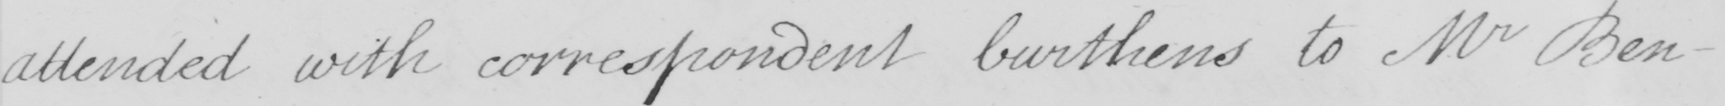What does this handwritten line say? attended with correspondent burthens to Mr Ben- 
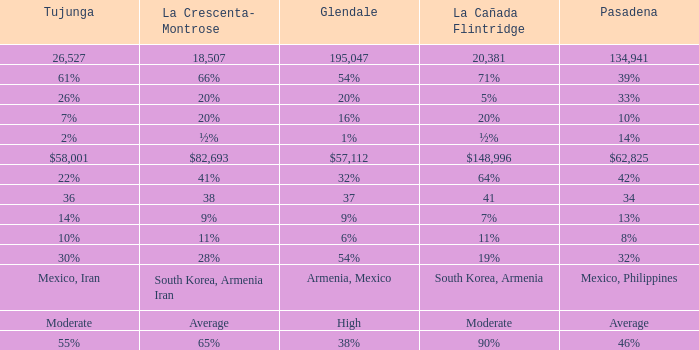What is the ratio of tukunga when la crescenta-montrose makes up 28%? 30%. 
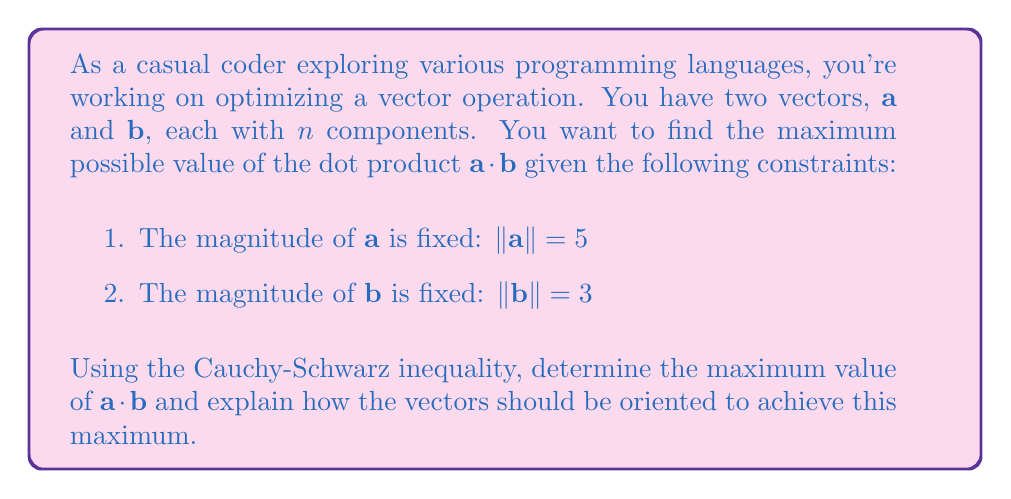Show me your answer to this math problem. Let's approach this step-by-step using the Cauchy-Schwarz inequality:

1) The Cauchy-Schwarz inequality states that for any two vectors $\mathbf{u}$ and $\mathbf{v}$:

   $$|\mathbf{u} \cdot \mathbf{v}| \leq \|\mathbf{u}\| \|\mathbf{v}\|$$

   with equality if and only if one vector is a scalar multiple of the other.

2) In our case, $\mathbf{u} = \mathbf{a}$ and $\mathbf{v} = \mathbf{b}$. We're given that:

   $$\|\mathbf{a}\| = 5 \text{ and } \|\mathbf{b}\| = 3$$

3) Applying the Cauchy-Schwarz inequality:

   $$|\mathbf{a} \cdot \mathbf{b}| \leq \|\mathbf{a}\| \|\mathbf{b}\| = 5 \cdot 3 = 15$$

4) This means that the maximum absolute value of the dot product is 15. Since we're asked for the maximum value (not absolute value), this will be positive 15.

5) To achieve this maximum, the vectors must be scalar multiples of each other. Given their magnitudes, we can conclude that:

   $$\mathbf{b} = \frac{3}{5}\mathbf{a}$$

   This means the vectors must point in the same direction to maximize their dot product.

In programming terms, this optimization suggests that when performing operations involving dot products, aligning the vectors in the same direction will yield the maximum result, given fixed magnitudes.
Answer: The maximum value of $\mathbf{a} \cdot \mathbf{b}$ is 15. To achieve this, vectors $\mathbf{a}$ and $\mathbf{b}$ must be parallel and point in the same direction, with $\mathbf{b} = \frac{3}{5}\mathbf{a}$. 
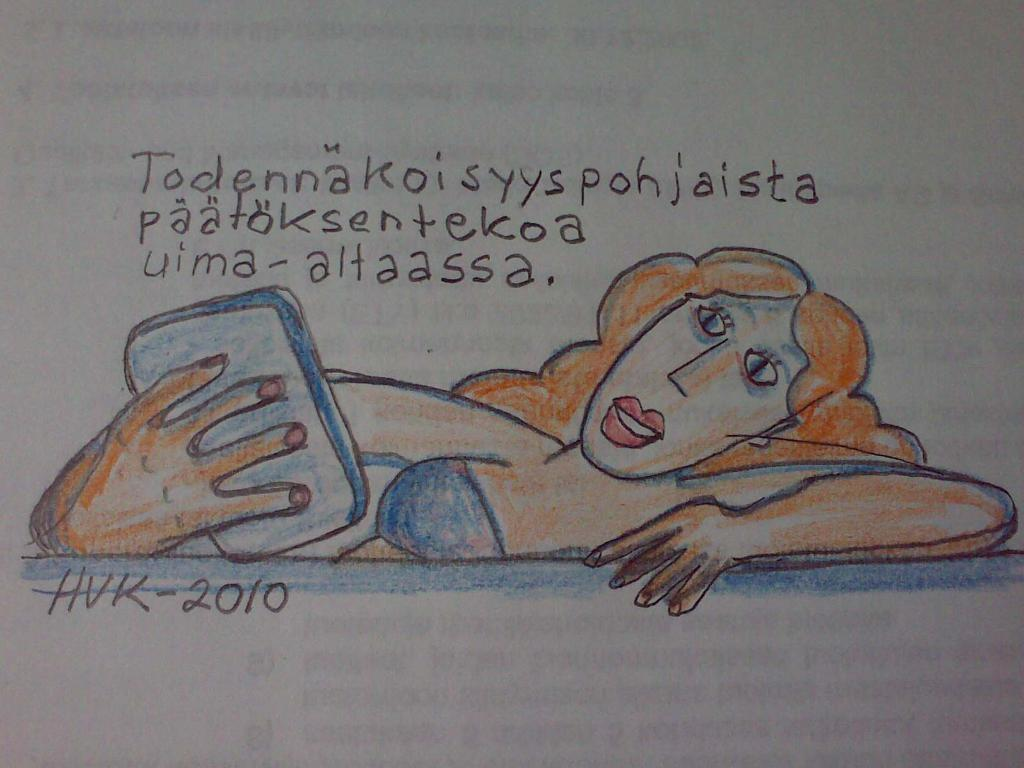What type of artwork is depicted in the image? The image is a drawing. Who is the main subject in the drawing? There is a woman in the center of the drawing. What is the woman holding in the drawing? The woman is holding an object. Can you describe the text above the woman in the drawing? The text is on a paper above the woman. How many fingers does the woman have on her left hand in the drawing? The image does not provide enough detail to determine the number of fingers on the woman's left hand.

§

What the task asks - Show every line from the listing above in which the string "point" appears.

Response area -
   This means the vectors must point in the same direction to maximize their dot product.
Answer: The maximum value of $\mathbf{a} \cdot \mathbf{b}$ is 15. To achieve this, vectors $\mathbf{a}$ and $\mathbf{b}$ must be parallel and point in the same direction, with $\mathbf{b} = \frac{3}{5}\mathbf{a}$. 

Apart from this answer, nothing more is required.